Abstract :
[en] The processing of data has become an important part of many applications during
the last years. Such applications include hyperspectral unmixing, recommender sys-
tems (for example in services like Spotify and Netflix), computer vision, text mining
and audio source separation, to name a few. Many models and algorithms have been
proposed, including linear dimensionality reduction (LDR), the perceptron, a pre-
cursor to modern neural networks, expectation-maximization, and the more recent
algorithms for neural networks.
Our focus in this thesis is on a subclass of ML models called matrix factorization
models. These are unsupervised algorithms whose goal is to decompose a given data
matrix into a product of two smaller matrices, referred to as factors. Both factors
are typically significantly smaller than the initial data matrix. There are multiple
applications for matrix factorizations. Compression is one of them, since the factors
are smaller than the original matrix.

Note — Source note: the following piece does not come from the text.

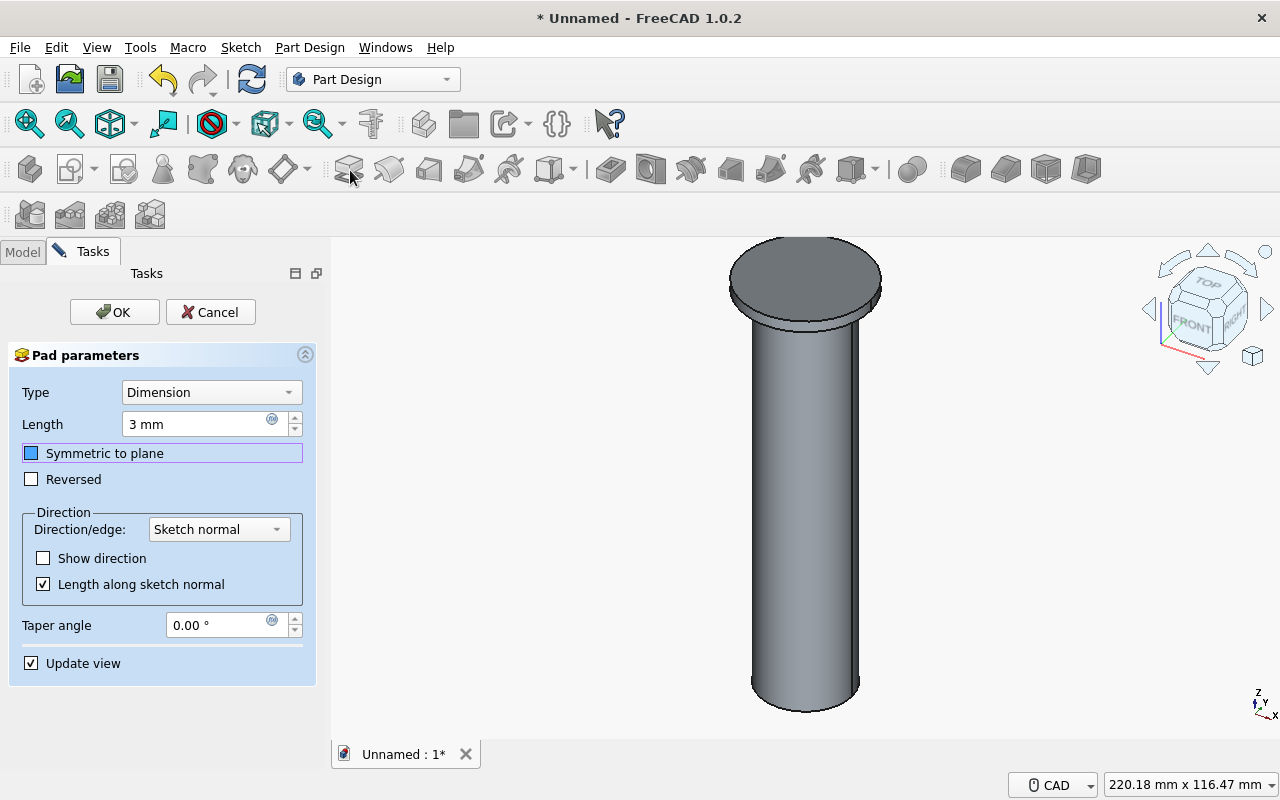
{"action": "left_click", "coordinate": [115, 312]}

In text mining, matrix factorization retrieves
topics from a collection of documents. In recommender systems, it creates groupings
(clusters) of data points with common characteristics. As an example, when the
entries of the input matrix represent a measure of the interaction between a user
(rows of the matrix) and a product (columns of the matrix), these clusters represent
groups with similar tastes. In addition, depending on the application, constraints can
be imposed to the factors. An example of a constrained model is nonnegative matrix
factorization (NMF) where the elements of the factors need to be nonnegative.
In this thesis, we focus on three models: (1) semi-binary Matrix Factorization
(semi-bMF), where one factor has no constraints and the other can only have elements
that are either 0 or 1, (2) Boolean matrix factorization (BMF) where both factors
must only have elements that are either 0 or 1 and (3) Boolean matrix tri-factorization
(BMTF), where we are factorizing into three factors. Furthermore, the matrix product
used in the Boolean factorizations is the Boolean matrix product, which is different
than the standard matrix product operation. This makes the computation harder but
allows for better approximations and additional interpretability properties. For both
models, we present new algorithms that are competitive with the state of the art and
show that they can provide meaningful results in several applications, including topic
modeling, image analysis, and clustering.